Cleveland Cavaliers, Love The Love You’re With

Alex Bab

The NBA Draft is over and NBA free agency is in full swing. The league is getting its annual shake-up with new faces in new places, all with the hope of being able to find the right mix to claim the 2018 NBA title.

While there are certainly still moves to be made, the main wave of big changes has already occurred. Chris Paul, Jimmy Butler, Paul George, Gordon Hayward and Paul Millsap are all in new places. The NBA looks significantly different than it did three weeks ago and yet, little has changed.

For all the teams hoping to dethrone the Golden State Warriors, one sobering statistic keeps coming to mind, 16-1. The Golden State Warriors went 16-1 in the playoffs en route to the 2017 NBA Championship.

Despite all the recent moves, the reality is that as of right now, the Cleveland Cavaliers are in the best position to defeat the Warriors in 2018. Last year they lost to the Warriors 4-1, and could have easily been swept.

Cleveland might be the closest to toppling Golden State but that doesn’t mean they’re actually close. While other near-contenders (Boston and Houston) continue to make moves, Cleveland is seemingly stuck in the position of being second best.

With some bad contracts on their books, an aging roster and very little in the way of desirable trade assets, there is little Cleveland can do to get over the hump. Which brings us to Kevin Love.

Obviously, trading LeBron James or Kyrie Irving is a no-go. With that being the case, many NBA fans have pointed to Love as being the piece Cleveland would need to move to upgrade their roster significantly.

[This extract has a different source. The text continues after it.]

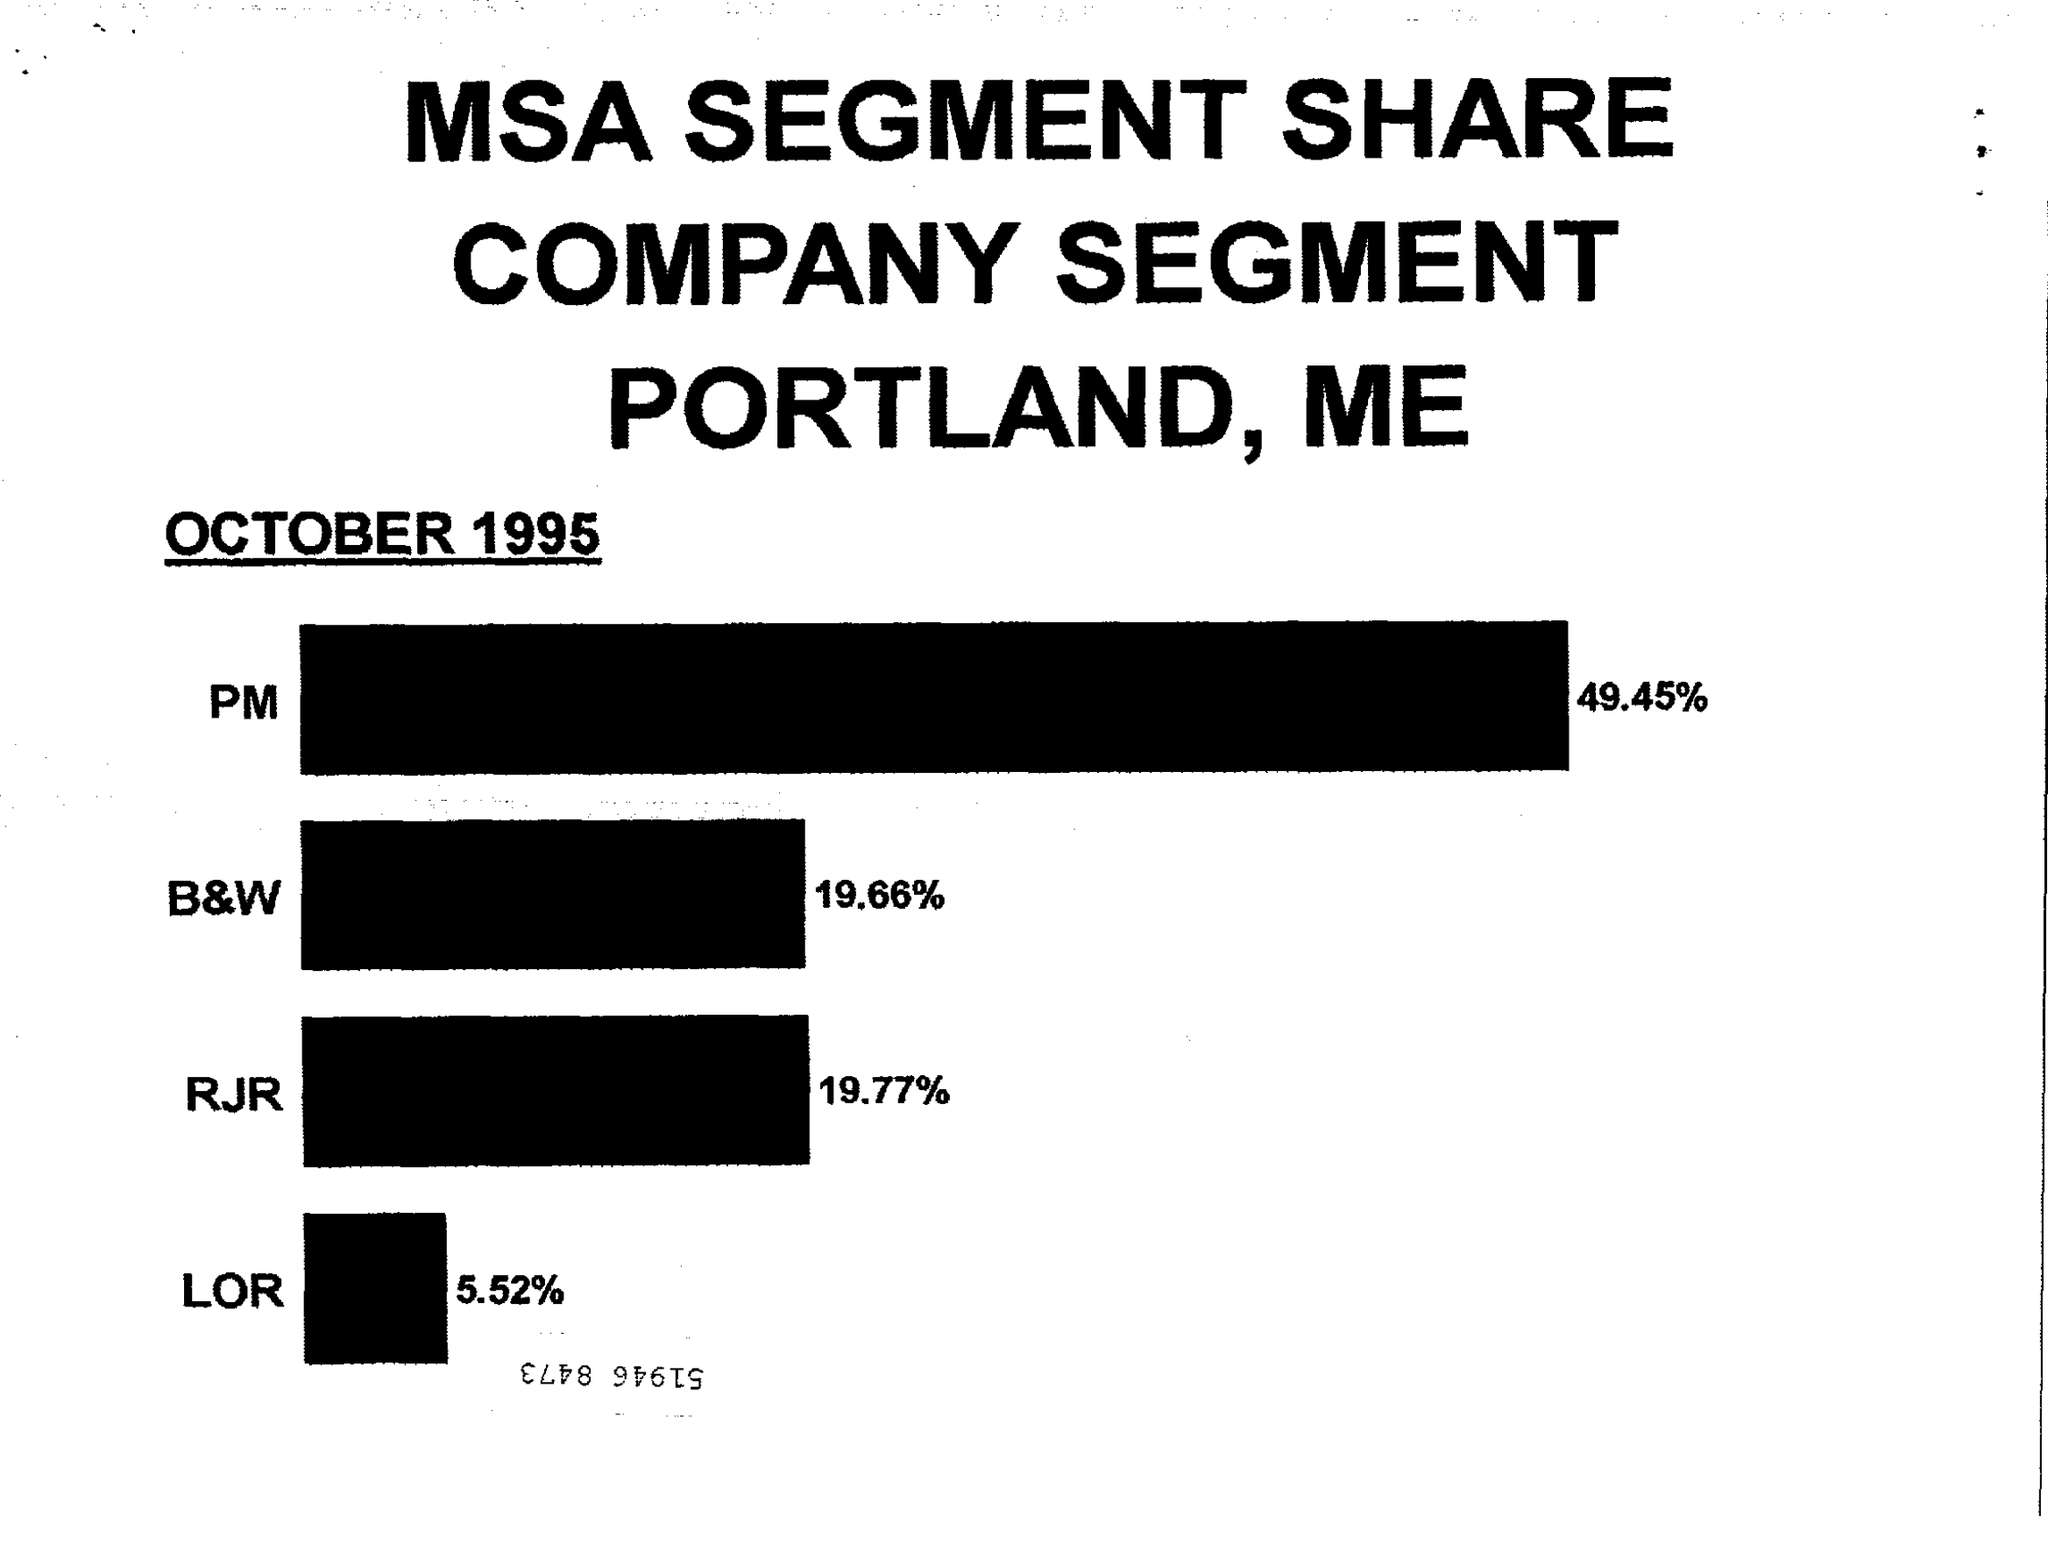Draw attention to some important aspects in this diagram. The MSA SEGMENT SHARE was dated as OCTOBER 1995. The percentage of PM is 49.45...

Photo courtesy of Bleacher Report

Initially, many of these proposed trades had George or Butler as their targets. With those two now off the table, Carmelo Anthony’s name keeps popping up. If Cleveland can find a way to acquire Anthony without giving up Love, they should do it (although this wouldn’t solve almost any of their matchup issues with Golden State). If the only way to get Anthony is by sending Love packing, Cleveland should absolutely reject that idea.

Love was not the reason Cleveland lost in the finals. He averaged 16 points and 11 rebounds over the course of the series. Those numbers are solid, even if they aren’t fantastic. He also put up 19 points and 11 rebounds per game during the regular season. That kind of production shouldn’t be tossed aside in the search for a scapegoat.

The former league-leading rebounder put up those numbers while not having the ball in his hands much with James and Irving being the primary offensive weapons.

A nightly 20-10 from a player getting a lot of his points on catch-and-shoot is not easy to find. If you remove his production and substitute in Anthony’s (22 points and six rebounds per game), you get a net of three more points per game with five less rebounds. How is that going to change the 4-1 outcome of last month’s Finals?

Anthony is just one of the players who has been suggested as the answer to Cleveland’s Golden State question (the other two having been George and Butler). All three are ball-dominant players which is not something an offense featuring James and Irving needs more of.

What Cleveland needs is a more versatile bench, better perimeter defense and an actual rebounder besides Love and Tristan Thompson. What they don’t require, is to get rid of their walking double-double who needs minimal plays called for him.

For Cleveland, Love isn’t all they need but they shouldn’t be in any hurry to move on from him.